Publié le 18 mai 2021 à 12:27

« D’où tu viens ? » Rarement j’ai commencé un entretien de la sorte. Quelques gosses jouaient autour de l’arbre de la place Louise-Michel. Günther rongeait un vieux bout bois. Assise sur le banc, Anne-Marie m’a répondu de suite, comme si cette question était primordiale pour comprendre son travail. « Je suis lilloise, née d’un père français et d’une mère allemande. Elle était indépendante, ne voulant pas d’enfants. Elle était promise à de brillantes études. Par amour, elle a tout abandonné pour devenir “femme au foyer” et mère de trois enfants. Elle me préparait à cela. Mes cadeaux étaient des ustensiles de ménage, jamais des livres. La seule chose qu’elle voulait me transmettre, c’était la cuisine. J’ai toujours eu l’intuition qu’elle était malheureuse. À sa mort, j’ai appris qu’elle ne voulait pas d’enfants. Elle s’est sacrifiée pour nous mais l’a fait payer. Par opposition à elle, j’ai eu quatre enfants, tous désirés. »

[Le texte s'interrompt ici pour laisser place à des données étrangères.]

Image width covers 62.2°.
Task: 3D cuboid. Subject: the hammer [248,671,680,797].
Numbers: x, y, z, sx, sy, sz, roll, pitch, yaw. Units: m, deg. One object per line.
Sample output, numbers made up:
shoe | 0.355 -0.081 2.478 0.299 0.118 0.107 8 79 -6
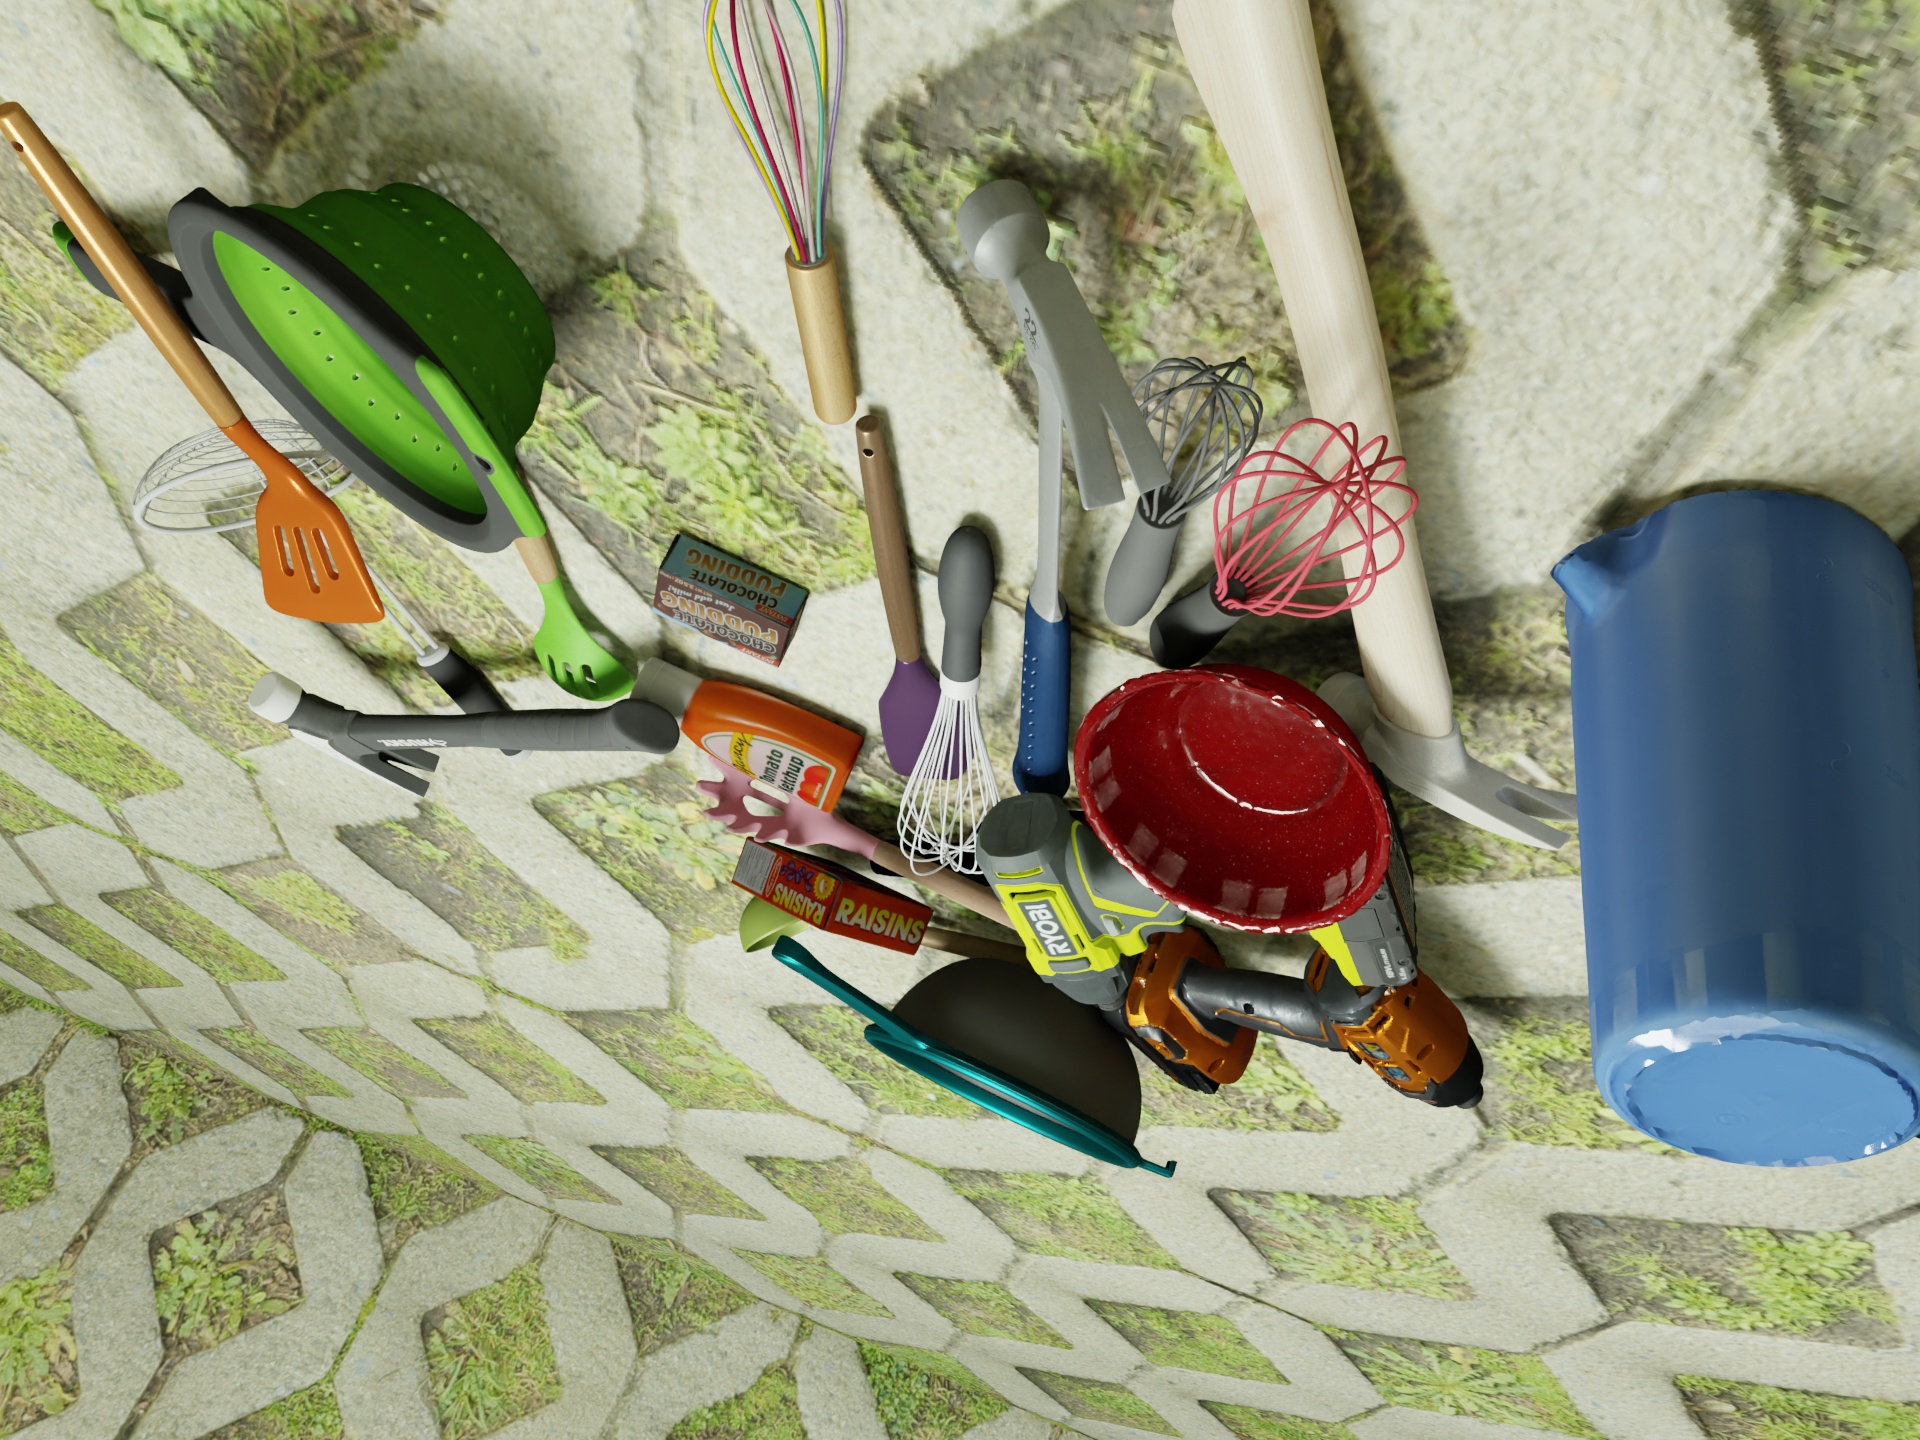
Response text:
hammer | -0.323 0.009 1.079 0.335 0.035 0.146 -1 153 33

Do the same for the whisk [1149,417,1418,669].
whisk | 0.124 -0.061 0.686 0.073 0.073 0.296 25 169 -2

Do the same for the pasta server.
pasta server | -0.033 0.096 1.048 0.316 0.060 0.040 23 175 19

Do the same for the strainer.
strainer | 0.007 0.194 1.076 0.211 0.095 0.340 9 155 47

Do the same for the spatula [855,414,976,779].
spatula | -0.030 -0.053 0.895 0.060 0.018 0.315 4 145 9

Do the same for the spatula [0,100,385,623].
spatula | -0.391 -0.166 0.815 0.081 0.041 0.322 6 146 15

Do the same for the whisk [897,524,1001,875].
whisk | -0.001 -0.004 0.912 0.070 0.070 0.284 17 140 11

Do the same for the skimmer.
skimmer | -0.382 -0.061 1.041 0.127 0.090 0.362 -19 139 7

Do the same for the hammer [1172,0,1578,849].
hammer | 0.167 -0.105 0.635 0.146 0.038 0.410 32 158 44

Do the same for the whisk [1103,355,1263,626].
whisk | 0.089 -0.091 0.708 0.055 0.055 0.238 21 161 4

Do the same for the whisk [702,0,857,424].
whisk | -0.070 -0.211 0.666 0.051 0.047 0.244 14 150 12

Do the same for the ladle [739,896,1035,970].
ladle | -0.014 0.177 1.192 0.320 0.062 0.078 11 176 13

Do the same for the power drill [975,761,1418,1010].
power drill | 0.140 0.103 0.911 0.223 0.080 0.171 -9 133 23

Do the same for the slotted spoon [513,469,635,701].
slotted spoon | -0.260 -0.105 0.959 0.070 0.031 0.313 14 146 16

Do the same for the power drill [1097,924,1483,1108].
power drill | 0.219 0.198 1.028 0.226 0.084 0.164 -7 138 47

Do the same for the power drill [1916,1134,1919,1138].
power drill | 0.501 0.145 0.795 0.228 0.080 0.190 30 147 -16

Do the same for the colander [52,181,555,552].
colander | -0.325 -0.215 0.798 0.397 0.094 0.204 26 155 31

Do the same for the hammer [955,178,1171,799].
hammer | 0.043 -0.059 0.770 0.035 0.144 0.405 -19 152 -8

Sa fratrie considérait qu’Anne-Marie était la moins intelligente de la famille, jusqu’à s’étonner qu’elle ait le bac. « À Roubaix, j’étais dans la classe des jumeaux Desplechin. J’étais meilleure qu’eux ! » dit-elle en riant. « J’entrepris des études d’infirmière. La douleur physique des autres m’était insupportable. J’étais bonne en théorie, nulle en pratique.